Trabalho publicado, originalmente, no Anuário Brasileiro de Psicanálise, 1992/1993, Editora Relume-Dumará.


La raiz del lenguaje es irracional y de carácter mágico. El danés que articulaba el nombre de Thor o el sajón que articulaba el nombre de Thunor no sabia si esas palavras significaban el dios trueno o el estrépito que sucede al relámpago. La poesia quíere volver a esa antigua magia.Sín prefijadas leyes, obra de un modo vacilante y osado, como si caminara en la oscuridad. Ajedrez misterioso la poesia, cuyo tablero y cuyas piezas cambian como en un sueño y sobre el cual me inclinaré después de haber muerto.

Jorge Luis Borges


O anjo Damiel em "Asas do Desejo" de Wim Wenders torna-se humano por amor a uma mulher. No final do filme ele escreve: "Eu sei... agora... o que... nenhum anjo... sabe". O que Damiel sabe, segundo Betty Fuks,2 é que a condição de mortal faz o sujeito buscar a imortalidade no desejo. Por sua vez, a trapezista Marion conquistou a angelitude ao perceber que a vida e os objetos que nela desfilam são apenas transitórios, mas nem por isso menos belos.
Stuart Schneiderman diz que imortal significa simplesmente não mortal e não mortal nem sempre quer dizer vivo para sempre ou eternamente. Não mortal é também uma característica dos mortos. "Só os vivos são mortais. A busca da imortalidade, que geralmente interpretamos como uma busca da vida eterna, um desejo de negar a morte, é apenas outro nome para o desejo da morte."
Desejo de vida. Desejo de morte. Desejo súbito de fazer uma poesia. Tão necessária. Uma que leve embora essa angústia, o soluço engasgado. Uma que traga de volta o sonho. Poesia é tentativa de realização de desejos. Difusos, confusos mesmo, os sentimentos só serão entendidos pelo autor depois. Depois de dar à luz sua poesia.
Ser falante pode ser praga mas ser escrevente é bênção. É um dos possíveis destinos da pulsão. De vida? De morte? O poeta não vive tais dicotomias. Escrever poesia é lidar com o mistério sem o compromisso, aliás impossível, de explicá-lo.
Se queremos explicar o mistério, somos cientistas. Se o respeitamos, mesmo privando da sua identidade, somos poetas e dizemos coisas que não sabíamos saber. Fernando Pessoa4 pergunta:
Tens, como Hamlet, o pavor do desconhecido?Mas o que é conhecido? O que é que tu conheces,Para que chames desconhecido a qualquer coisa em especial?
O mistério, o inusitado, o imprevisível convivem como a poesia. Também na psicanálise. Entre uma linha e outra, nos pedaços em que não se escreve nada, aí ele surge. O poeta e o Inconsciente falam por enigmas.

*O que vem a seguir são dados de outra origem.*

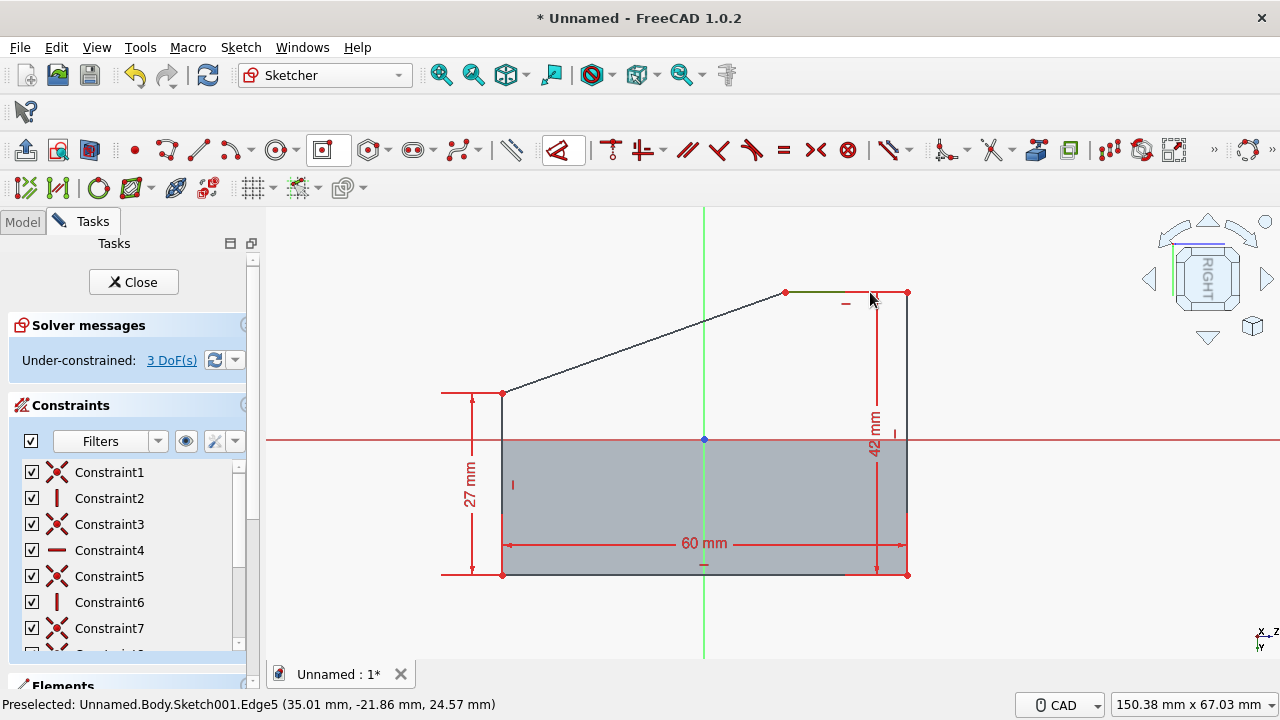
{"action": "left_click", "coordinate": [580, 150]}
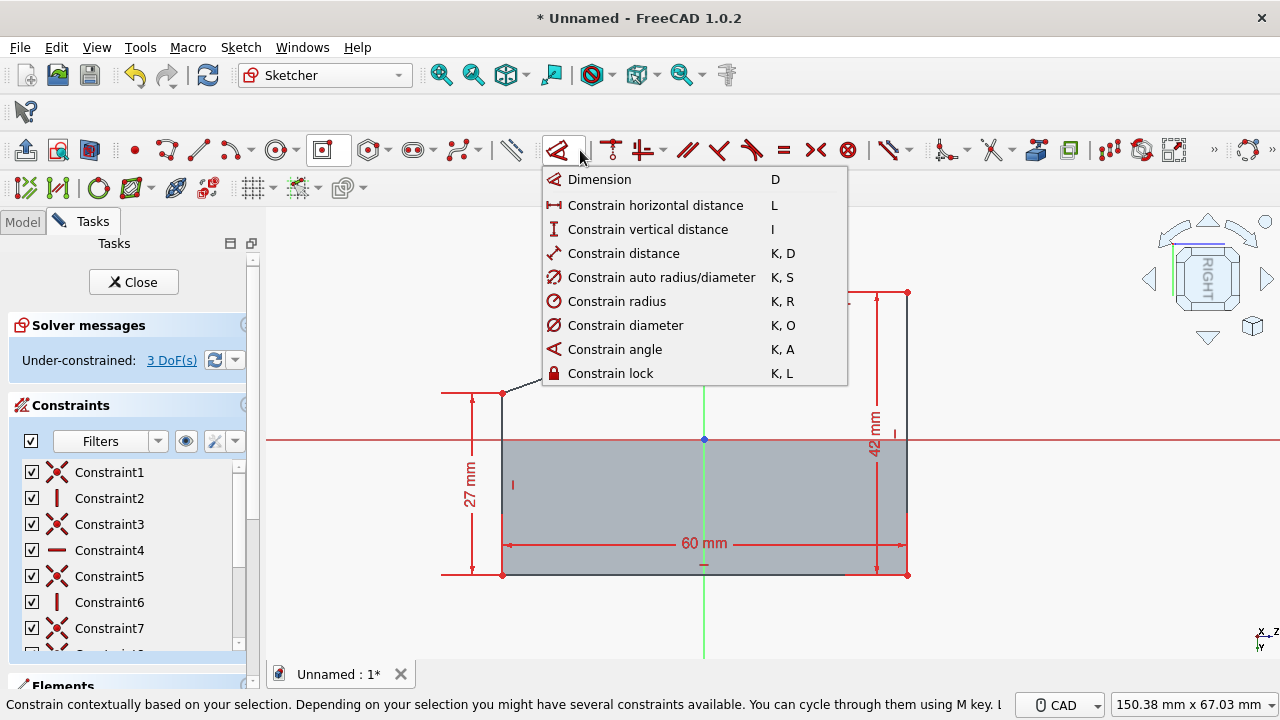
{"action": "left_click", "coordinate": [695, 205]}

Mi vida que no entiendo, esta agoniaDe ser enigma, azar, criptografiaY toda la discordia de Babel.

Jorge Luis Borges


Escrever como quem inspira (um verso) e expira (outro verso). Exercício respiratório, associação livre de idéias, catarse, espasmo, orgasmo, seja o que for, faz bem. Apesar do sofrimento de não conseguir dizer o que se deseja. Como sempre. Apesar de o Desejo não se inscrever, realiza-se, por alguns instantes, o desejo de fazer uma poesia. Plantar amores-perfeitos, narcisos e bromélias na borda do vazio existencial.
Lancan5 diz que em toda a forma de sublimação o vazio será determinante e que toda arte se caracteriza por um certo modo de organização em torno desse vazio. Sublinha a importância da Linguagem por lidar com o significante que é "aquilo que, na ordem das artes, confere sua primazia à poesia."
Jorge Luis Borges, no início de "El Golem", usando o termo arquétipo ao invés de significante, concorda com o pensamento lacaniano:
Si (como ei griego afirma em ei Cratilo)El nombre es arquétipo de la cosaEn las letras de rosa está la rosaY todo el Nílo en la palabra Nílo.
A linguagem precede o homem, é condição fundante do humano. Denunciadora e encobridora da Falta, ela nos impele à comunicação e nos remete à solidão. Linguagem é crime e castigo. Cime de Adão e Eva, que comeram o fruto proibido do saber e descobriram a sexualidade. Assim, foram expulsos do paraíso animal e condenados à liberdade. Perdemos o instinto, esse fabuloso programa de comportamentos, e ganhamos a pulsão, essa desconhecida.
Ganhamos a dúvida (quem somos? para que somos? somos?), a possibilidade de morrer (o que será então de mim?) e o desejo de fazer de conta que somos ainda animais naturais e que nossos desejos podem ser satisfeitos. Assim como as necessidades dos animais. Pura ilusão. O desejo do homem é insaciável. A completude tão almejada é impossível. Isto porque o desejo é definido pelo vazio. Um desejo aponta sempre para outro desejo e assim prosseguimos na crença insana de que existe um ou vários objetos adequados que podem ser encontrados no mercado da vida. À ilusão do encontro chamamos felicidade. Essa eternidade que logo termina.
Segundo Lacan o Inconsciente é da ordem do não realizado e é estruturado como uma linguagem. Ambos são regidos pela ordem simbólica. Os símbolos são criados a partir da ausência da coisa. Falamos e cantamos as ausências, o perdido e o nunca encontrado. Do "fort-da" do netinho de Freud até Fernando Pessoa:

E falta sempre uma coisa, um copo, uma brisa, uma frase.E a vida dói quanto mais se goza e quanto mais se inventa.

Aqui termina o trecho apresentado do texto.